▸ Problem statement
If a line contains "Your answer should be very brief. 2. How", it is the last one to write out; begin with the first line of the records and copy each exactly.

▸ Information provided
__________
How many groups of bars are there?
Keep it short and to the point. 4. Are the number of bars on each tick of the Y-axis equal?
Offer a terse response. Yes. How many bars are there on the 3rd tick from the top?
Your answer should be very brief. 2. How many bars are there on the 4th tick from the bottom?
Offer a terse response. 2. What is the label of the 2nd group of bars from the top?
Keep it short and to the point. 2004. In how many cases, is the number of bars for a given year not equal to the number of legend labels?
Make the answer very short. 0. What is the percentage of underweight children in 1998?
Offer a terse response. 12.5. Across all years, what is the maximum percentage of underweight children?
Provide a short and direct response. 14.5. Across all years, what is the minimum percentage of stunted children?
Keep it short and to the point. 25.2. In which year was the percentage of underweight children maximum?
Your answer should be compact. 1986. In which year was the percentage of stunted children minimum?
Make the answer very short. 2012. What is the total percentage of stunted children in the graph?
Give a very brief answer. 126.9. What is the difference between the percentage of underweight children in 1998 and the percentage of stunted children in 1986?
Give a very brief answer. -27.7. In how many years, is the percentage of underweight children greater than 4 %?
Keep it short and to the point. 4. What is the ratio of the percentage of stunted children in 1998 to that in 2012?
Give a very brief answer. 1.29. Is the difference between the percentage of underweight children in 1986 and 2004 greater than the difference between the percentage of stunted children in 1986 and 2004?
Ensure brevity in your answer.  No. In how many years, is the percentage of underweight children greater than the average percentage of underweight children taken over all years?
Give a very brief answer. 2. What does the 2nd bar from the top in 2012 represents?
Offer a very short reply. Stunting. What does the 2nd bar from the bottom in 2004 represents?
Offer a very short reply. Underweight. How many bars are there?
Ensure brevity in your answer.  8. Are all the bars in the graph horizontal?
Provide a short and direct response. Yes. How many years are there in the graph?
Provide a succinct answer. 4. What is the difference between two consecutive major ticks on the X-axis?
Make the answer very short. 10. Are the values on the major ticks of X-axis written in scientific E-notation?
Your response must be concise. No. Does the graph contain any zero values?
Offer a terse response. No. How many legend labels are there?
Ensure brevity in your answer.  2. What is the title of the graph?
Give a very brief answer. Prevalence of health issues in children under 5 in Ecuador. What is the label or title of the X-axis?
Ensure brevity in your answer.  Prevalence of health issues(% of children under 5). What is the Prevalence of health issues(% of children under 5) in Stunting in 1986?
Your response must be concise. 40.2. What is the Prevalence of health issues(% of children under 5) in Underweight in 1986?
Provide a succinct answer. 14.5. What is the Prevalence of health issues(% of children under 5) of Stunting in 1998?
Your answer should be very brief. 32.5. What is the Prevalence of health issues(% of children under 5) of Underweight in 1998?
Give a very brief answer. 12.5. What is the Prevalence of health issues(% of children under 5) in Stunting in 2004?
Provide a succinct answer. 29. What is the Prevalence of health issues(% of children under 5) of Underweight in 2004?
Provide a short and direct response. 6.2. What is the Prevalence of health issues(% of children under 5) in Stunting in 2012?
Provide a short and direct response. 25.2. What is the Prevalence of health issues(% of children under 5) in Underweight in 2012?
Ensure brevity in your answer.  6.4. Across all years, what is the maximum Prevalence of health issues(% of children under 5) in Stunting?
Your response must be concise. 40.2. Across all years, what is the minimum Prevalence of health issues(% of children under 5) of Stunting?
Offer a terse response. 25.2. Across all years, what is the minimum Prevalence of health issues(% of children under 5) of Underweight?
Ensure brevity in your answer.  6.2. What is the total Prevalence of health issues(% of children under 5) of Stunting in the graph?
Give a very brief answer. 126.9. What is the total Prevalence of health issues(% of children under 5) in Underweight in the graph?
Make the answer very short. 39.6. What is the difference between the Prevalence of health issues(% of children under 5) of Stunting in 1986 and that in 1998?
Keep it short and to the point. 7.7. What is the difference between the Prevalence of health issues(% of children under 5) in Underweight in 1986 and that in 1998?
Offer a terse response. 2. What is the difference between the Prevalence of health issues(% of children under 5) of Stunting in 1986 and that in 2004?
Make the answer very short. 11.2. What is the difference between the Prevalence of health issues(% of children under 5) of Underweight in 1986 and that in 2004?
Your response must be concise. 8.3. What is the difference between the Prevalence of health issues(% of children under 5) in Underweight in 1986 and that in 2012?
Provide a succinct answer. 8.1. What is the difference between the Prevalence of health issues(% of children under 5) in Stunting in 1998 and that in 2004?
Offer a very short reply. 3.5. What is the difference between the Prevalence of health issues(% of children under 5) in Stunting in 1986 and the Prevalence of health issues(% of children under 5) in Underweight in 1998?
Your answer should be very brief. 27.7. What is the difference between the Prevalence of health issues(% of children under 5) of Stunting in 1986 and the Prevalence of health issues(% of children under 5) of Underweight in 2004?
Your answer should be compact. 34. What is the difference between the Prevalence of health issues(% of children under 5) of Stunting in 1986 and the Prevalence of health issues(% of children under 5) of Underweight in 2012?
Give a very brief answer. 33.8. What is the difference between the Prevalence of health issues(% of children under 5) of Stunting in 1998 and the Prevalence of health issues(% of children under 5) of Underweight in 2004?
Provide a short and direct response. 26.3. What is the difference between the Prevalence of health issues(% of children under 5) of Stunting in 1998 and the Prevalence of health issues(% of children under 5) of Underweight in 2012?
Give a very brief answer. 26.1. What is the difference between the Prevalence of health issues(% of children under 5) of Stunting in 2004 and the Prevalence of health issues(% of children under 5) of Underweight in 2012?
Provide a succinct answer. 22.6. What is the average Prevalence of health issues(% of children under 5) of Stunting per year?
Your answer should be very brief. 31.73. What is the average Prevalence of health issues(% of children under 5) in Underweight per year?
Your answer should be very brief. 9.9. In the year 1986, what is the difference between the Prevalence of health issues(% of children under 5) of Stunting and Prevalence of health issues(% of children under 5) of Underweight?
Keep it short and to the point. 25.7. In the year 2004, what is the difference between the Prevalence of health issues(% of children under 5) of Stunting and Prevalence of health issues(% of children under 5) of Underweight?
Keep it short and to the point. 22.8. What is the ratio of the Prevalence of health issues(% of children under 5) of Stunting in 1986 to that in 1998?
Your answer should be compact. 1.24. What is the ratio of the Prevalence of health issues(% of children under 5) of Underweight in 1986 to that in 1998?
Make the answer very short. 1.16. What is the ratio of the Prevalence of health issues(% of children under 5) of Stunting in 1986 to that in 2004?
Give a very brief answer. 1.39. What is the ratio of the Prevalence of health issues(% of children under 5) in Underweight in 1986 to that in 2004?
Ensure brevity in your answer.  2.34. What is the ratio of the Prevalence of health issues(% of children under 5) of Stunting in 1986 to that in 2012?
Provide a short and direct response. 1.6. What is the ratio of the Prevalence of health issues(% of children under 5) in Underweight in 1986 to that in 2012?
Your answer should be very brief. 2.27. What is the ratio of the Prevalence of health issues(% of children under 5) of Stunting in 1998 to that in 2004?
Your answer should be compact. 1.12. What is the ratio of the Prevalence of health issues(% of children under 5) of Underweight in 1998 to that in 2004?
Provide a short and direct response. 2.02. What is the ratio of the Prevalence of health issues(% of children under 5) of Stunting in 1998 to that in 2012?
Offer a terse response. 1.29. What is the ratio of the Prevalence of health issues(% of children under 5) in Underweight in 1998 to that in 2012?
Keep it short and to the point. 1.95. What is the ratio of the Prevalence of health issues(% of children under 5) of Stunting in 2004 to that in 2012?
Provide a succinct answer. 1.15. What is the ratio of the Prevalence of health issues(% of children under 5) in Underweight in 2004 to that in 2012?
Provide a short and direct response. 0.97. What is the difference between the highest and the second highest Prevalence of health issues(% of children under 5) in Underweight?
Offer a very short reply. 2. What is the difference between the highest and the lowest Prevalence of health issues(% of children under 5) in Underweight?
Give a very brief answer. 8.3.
__________
▸ Exercise response
How many groups of bars are there?
Keep it short and to the point. 4. Are the number of bars on each tick of the Y-axis equal?
Offer a terse response. Yes. How many bars are there on the 3rd tick from the top?
Your answer should be very brief. 2. How many bars are there on the 4th tick from the bottom?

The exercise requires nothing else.